I thought back to this question, which I think is quite interesting. The poster claimed to have proved the three-term AP case, but this isn't obvious to me. The question:
Let $\sigma:\mathbb{N}\rightarrow \mathbb{N}$ be a permutation of the set $\mathbb{N}$ of all positive integers. Show that there must be an arithmetic progression $a,a+d,a+2d$ where $d>0$ such that $\sigma(a)<\sigma(a+d)<\sigma(a+2d).$
I can prove something easier: if $\ \sigma:\mathbb{N}\to\mathbb{N}\ $ is a bijection (i.e. permuatation), then there is an increasing sequence of integers $\ (x_n)_{n\in\mathbb{N} }\ $ such that $\ \sigma(x_1) < \sigma(x_2) < \sigma(x_3) < \ldots.$
Proof: Let $\ k_1 = \sigma^{\ -1}(1).\ $ Let $\ k_2 = \sigma^{\ -1}(1) + 1.\ $ Then $\ \sigma(k_2) > \sigma(k_1).\ $ By PHP, $\ \exists\ k_3\in [k_2 + 1, k_2 + \sigma(k_2)]\ $ such that $\ \sigma(k_3) > \sigma(k_2),\ $ etc.

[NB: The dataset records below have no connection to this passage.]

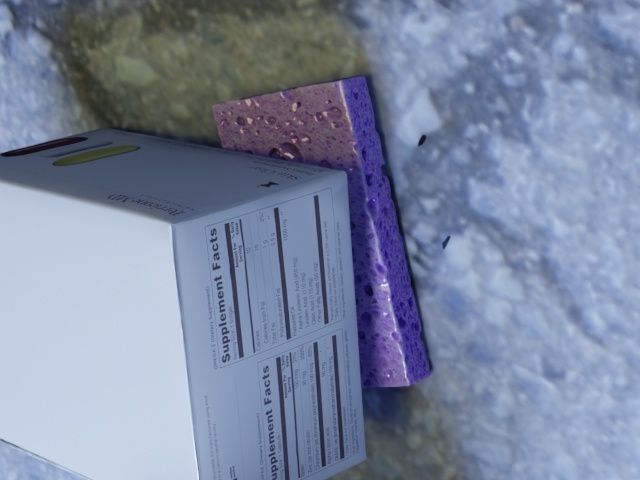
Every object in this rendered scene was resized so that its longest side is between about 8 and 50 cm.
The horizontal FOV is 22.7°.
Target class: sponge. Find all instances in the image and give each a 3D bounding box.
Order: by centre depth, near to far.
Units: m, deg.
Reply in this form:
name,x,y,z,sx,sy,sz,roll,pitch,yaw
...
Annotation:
name,x,y,z,sx,sy,sz,roll,pitch,yaw
sponge,0.000,0.000,1.074,0.117,0.031,0.210,-6,101,39

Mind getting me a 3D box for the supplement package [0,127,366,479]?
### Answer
name,x,y,z,sx,sy,sz,roll,pitch,yaw
supplement package,-0.115,0.047,1.070,0.262,0.145,0.204,13,114,45

But I'm not sure how to prove the above three-term A.P. question. Any hints?
Look at $\sigma(1)$. There's only finitely many $k$ such that $\sigma(k+1) < \sigma(1)$ or $\sigma(2k+1) < \sigma(1)$.
Let $N$ be larger than all those finitely many exceptions. Then either there is some $k \ge N$ such that $\sigma(1) < \sigma(k+1) < \sigma(2k+1)$ - and we're done - or else for all $k\ge N$ we have $\sigma(k+1) > \sigma(2k+1)$.
In the second case, by applying this to $k=N, 2N, 4N, 8N,\dots$ we must have $$ \sigma(N+1) > \sigma(2N+1) > \sigma(4N+1) > \sigma(8N+1) > \dots $$ which is impossible to continue for more than $\sigma(N+1)$ steps. Contradiction!